Materials and methods
Ethics
This study was approved by the Walter Reed Army Institute of Research (#2089) and Kenya Medical Research Institute (#2767) IRBs.
Bacterial isolates identification
Clinical S.aureus isolates from patients enrolled in an ongoing surveillance study (WRAIR#2089, KEMRI#2767) in public hospitals in three counties (Kisumu, Kericho and Nairobi) in Kenya were analyzed for this study. S.aureus isolates were identified based on beta hemolysis on sheep blood agar plates, gram positive, clustered cocci by gram stain, catalase and coagulase positive phenotypes. Isolate identity was confirmed using the MALDI-TOF biotyper (Bruker Daltonics, Millerica, MA, USA) and using the GP card on the Vitek 2 platform (bioMérieux, Hazelwood, MO, USA). 19 isolates (4 MRSA, 15 MSSA) obtained between April 2015 and December 2015 were studied. A majority of the S.aureus isolates were from skin and soft tissue infections (18/19). 84.2% were community acquired infections and 15.8% (3/19) were hospital acquired infections as per the CDC classification (29). Outpatient infections were considered mild infections (10/19, 52.6%) whereas inpatient infections (9/19, 47.3%) were considered severe infections, Table 1.
Isolate typing
In-vitro spa typing was performed using conventional PCR [30] and Sanger sequencing. Contigs were assembled on CLC bio Main-Workbench (CLC bio, Aarhus, Denmark) and spa types analyzed using Ridom StaphType (Ridom GmbH, Münster, Germany). In-silico spa typing was done by analyzing assembled genomes on the online analysis pipeline https://cge.cbs.dtu.dk/services/spatyper/. Spa types obtained by both methods were compared. Sequences of isolates with novel spa repeats were submitted to the Ridom Spa Server for assignment of spa type.
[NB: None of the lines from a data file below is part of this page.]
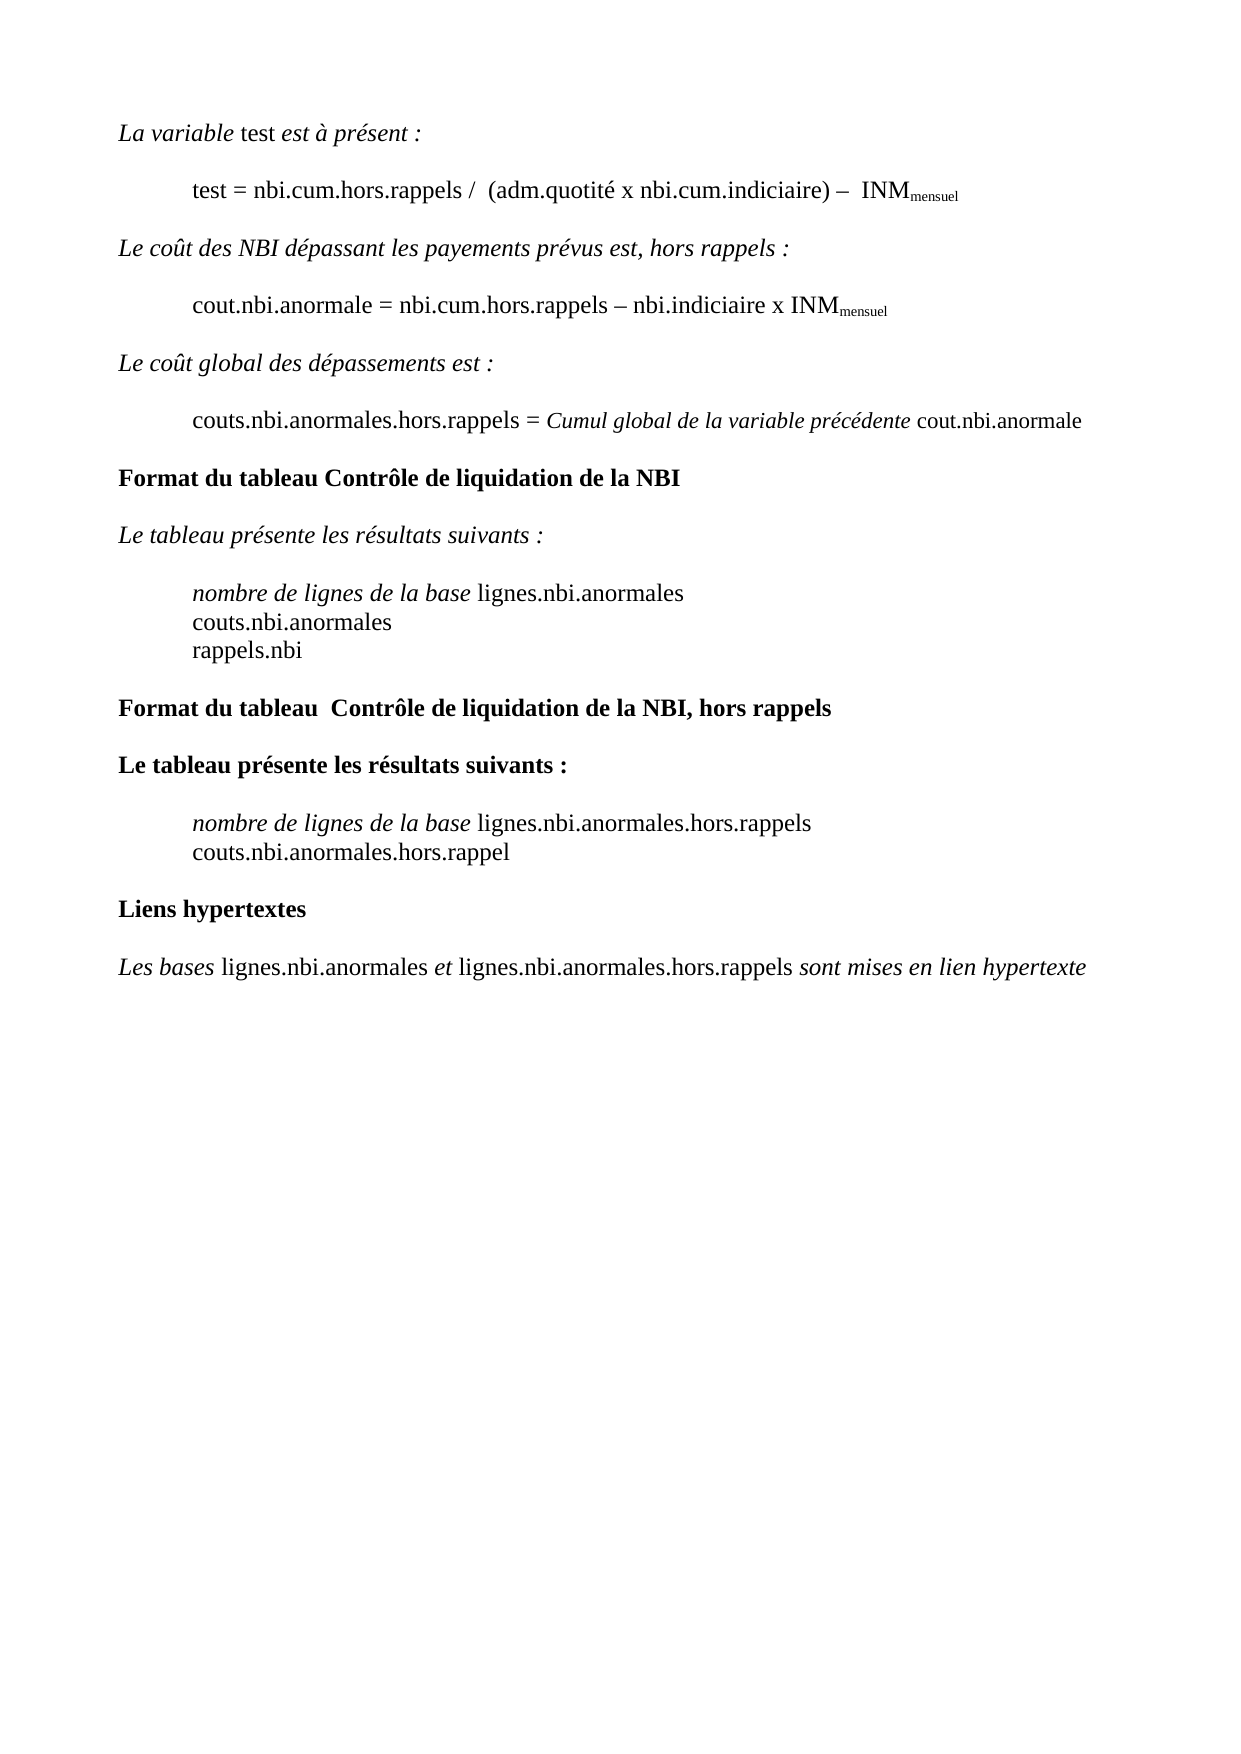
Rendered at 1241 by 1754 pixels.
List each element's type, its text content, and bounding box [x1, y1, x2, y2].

text Le tableau présente les résultats suivants : [118, 751, 1122, 779]
text Le coût des NBI dépassant les payements prévus est, hors rappels : [118, 233, 1122, 262]
text Les bases lignes.nbi.anormales et lignes.nbi.anormales.hors.rappels sont mises en lien hypertexte [118, 952, 1122, 981]
text couts.nbi.anormales.hors.rappel [192, 837, 1122, 866]
text Le tableau présente les résultats suivants : [118, 521, 1122, 549]
text cout.nbi.anormale = nbi.cum.hors.rappels – nbi.indiciaire x INMmensuel [192, 291, 1122, 319]
text test = nbi.cum.hors.rappels / (adm.quotité x nbi.cum.indiciaire) – INMmensuel [192, 176, 1122, 204]
text La variable test est à présent : [118, 118, 1122, 147]
text nombre de lignes de la base lignes.nbi.anormales [192, 578, 1122, 607]
text Format du tableau Contrôle de liquidation de la NBI, hors rappels [118, 693, 1122, 722]
text couts.nbi.anormales [192, 607, 1122, 636]
text Le coût global des dépassements est : [118, 348, 1122, 377]
text Format du tableau Contrôle de liquidation de la NBI [118, 463, 1122, 492]
text Liens hypertextes [118, 894, 1122, 923]
text nombre de lignes de la base lignes.nbi.anormales.hors.rappels [192, 808, 1122, 837]
text couts.nbi.anormales.hors.rappels = Cumul global de la variable précédente cout.nbi.anormale [192, 406, 1122, 434]
text rappels.nbi [192, 636, 1122, 664]

MLST sequence type (ST) was determined in-vitro using published primers [11]. Gene sequences for each of the 7 loci were queried against the S.aureus database, allele numbers obtained and allelic profiles analyzed on http://www.mlst.net/ [13] to assign ST. Isolates were grouped into clonal complexes using the BURST clustering algorithm available on http://eburst.mlst.net/, allowing a minimum of 6 identical loci for group definition. Sequences of novel ST were submitted to https://pubmlst.org/saureus/ for ST assignment.
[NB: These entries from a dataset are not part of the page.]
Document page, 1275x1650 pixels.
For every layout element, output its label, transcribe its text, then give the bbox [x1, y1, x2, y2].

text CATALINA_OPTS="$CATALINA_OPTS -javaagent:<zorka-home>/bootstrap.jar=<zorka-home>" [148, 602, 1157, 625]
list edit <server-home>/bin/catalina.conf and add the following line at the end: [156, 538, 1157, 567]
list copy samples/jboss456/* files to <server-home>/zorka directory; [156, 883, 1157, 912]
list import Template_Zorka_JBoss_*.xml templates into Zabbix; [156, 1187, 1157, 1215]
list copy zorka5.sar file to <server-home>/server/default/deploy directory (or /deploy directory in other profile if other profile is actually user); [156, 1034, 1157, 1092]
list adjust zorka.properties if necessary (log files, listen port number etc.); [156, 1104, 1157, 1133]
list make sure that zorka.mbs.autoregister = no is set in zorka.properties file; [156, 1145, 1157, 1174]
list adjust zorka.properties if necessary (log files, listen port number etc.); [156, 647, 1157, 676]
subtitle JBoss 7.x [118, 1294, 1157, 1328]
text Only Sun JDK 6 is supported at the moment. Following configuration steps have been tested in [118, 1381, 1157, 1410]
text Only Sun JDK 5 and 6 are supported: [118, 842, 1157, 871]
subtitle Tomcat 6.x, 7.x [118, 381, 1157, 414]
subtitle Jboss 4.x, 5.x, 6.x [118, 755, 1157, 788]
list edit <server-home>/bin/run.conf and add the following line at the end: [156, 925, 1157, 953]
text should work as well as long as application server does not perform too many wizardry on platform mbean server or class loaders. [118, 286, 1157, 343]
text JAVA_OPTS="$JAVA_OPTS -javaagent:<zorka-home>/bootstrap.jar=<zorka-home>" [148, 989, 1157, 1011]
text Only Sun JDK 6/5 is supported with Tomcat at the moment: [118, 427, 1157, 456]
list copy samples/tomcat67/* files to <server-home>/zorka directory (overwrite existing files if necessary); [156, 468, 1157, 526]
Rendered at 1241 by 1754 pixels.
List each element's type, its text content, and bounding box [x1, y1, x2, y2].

Staphylococcal cassette chromosome typing
Staphylococcal cassette types for the MRSA isolates were determined using previously published primers [14]. PCR products were visualized on agarose gels and SSC mec types determined based on different amplicon size.
Whole genome sequencing and sequence analysis
Genomic DNA was extracted from freshly cultured S.aureus isolates using ZR Fungal/Bacterial DNA MiniPrep Kit (Zymo research, California, United States). DNA concentrations were determined using the Qubit (Thermo Fisher Scientific, Massachusetts, United States) and 1ng of DNA used for library preparation with the Nextera XT kit (Illumina) as per manufacturer’s instructions to generate 300bp paired end libraries. Libraries were sequenced on an Illumina MiSeq platform.
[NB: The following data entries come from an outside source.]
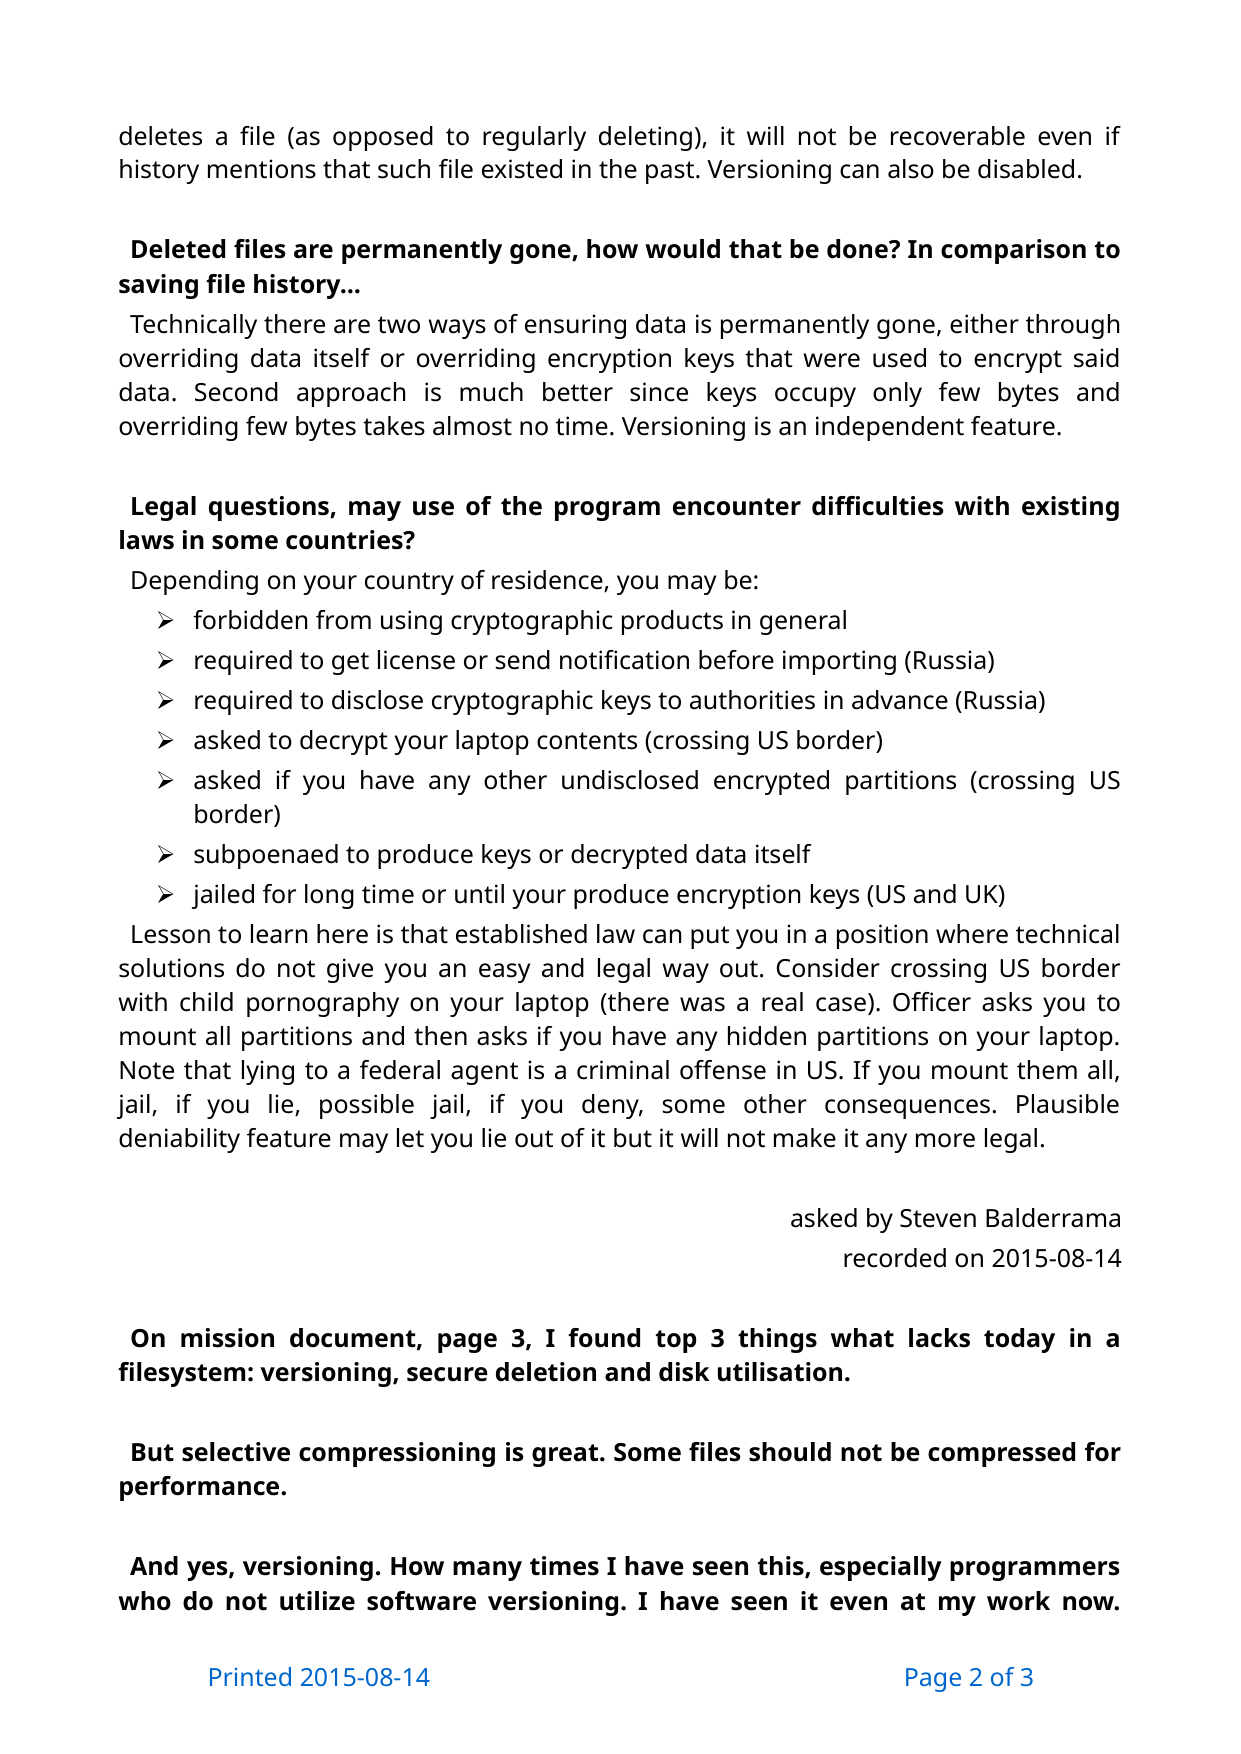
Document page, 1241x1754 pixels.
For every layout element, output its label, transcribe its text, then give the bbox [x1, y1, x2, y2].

text But selective compressioning is great. Some files should not be compressed for performance. [118, 1435, 1122, 1503]
list asked if you have any other undisclosed encrypted partitions (crossing US border) [156, 762, 1122, 831]
text Technically there are two ways of ensuring data is permanently gone, either through overriding data itself or overriding encryption keys that were used to encrypt said data. Second approach is much better since keys occupy only few bytes and overriding few bytes takes almost no time. Versioning is an independent feature. [118, 306, 1122, 442]
text Deleted files are permanently gone, how would that be done? In comparison to saving file history... [118, 232, 1122, 300]
list subpoenaed to produce keys or decrypted data itself [156, 837, 1122, 871]
text Legal questions, may use of the program encounter difficulties with existing laws in some countries? [118, 488, 1122, 557]
text asked by Steven Balderrama [118, 1201, 1122, 1235]
list jailed for long time or until your produce encryption keys (US and UK) [156, 877, 1122, 911]
list asked to decrypt your laptop contents (crossing US border) [156, 722, 1122, 757]
text Depending on your country of residence, you may be: [118, 562, 1122, 597]
text Lesson to learn here is that established law can put you in a position where technical solutions do not give you an easy and legal way out. Consider crossing US border with child pornography on your laptop (there was a real case). Officer asks you to mount all partitions and then asks if you have any hidden partitions on your laptop. Note that lying to a federal agent is a criminal offense in US. If you mount them all, jail, if you lie, possible jail, if you deny, some other consequences. Plausible deniability feature may let you lie out of it but it will not make it any more legal. [118, 917, 1122, 1155]
text And yes, versioning. How many times I have seen this, especially programmers who do not utilize software versioning. I have seen it even at my work now. [118, 1549, 1122, 1617]
list required to get license or send notification before importing (Russia) [156, 642, 1122, 677]
text recorded on 2015-08-14 [118, 1241, 1122, 1275]
list forbidden from using cryptographic products in general [156, 602, 1122, 637]
list required to disclose cryptographic keys to authorities in advance (Russia) [156, 682, 1122, 717]
text On mission document, page 3, I found top 3 things what lacks today in a filesystem: versioning, secure deletion and disk utilisation. [118, 1321, 1122, 1389]
text deletes a file (as opposed to regularly deleting), it will not be recoverable even if history mentions that such file existed in the past. Versioning can also be disabled. [118, 118, 1122, 186]

Raw reads were uploaded onto the Pathosystems Resource Integration Center (PATRIC 3.5) https://www.PATRICbrc.org/ [31]. Genome assembly was carried out on PATRIC using the assembly pipeline ‘miseq’ as the assembly strategy which runs both Velvet [32] and SPAdes [33] algorithms and uses ARAST, an in-house scoring script. Annotation was performed using the RASTk pipeline [34] on PATRIC with ‘Bacteria’ as the domain and ‘Staphylococcus aureus’ as the taxonomy ID. Genome assemblies were uploaded onto NCBI under BioProject ID PRJNA481322. A summary of the genome characteristics can be found in Table 2.
Bioinformatic analysis
In-silico MLST was determined by analyzing the assembly files on both the PATRIC genome characterization pipeline and on MLST 1.8 https://cge.cbs.dtu.dk/services/MLST/ [35] at the Centre for Genomic Epidemiology (CGE). Novel ST types were submitted to https://pubmlst.org/saureus/ for typing [36].
To establish the relationships between the isolates of this study, MLST sequences for the query genomes were concatenated on FASconCAT [37] and maximum likelihood phylogeny inferred using PhyML 3.1 [38] utilizing the TMP model with gamma variation.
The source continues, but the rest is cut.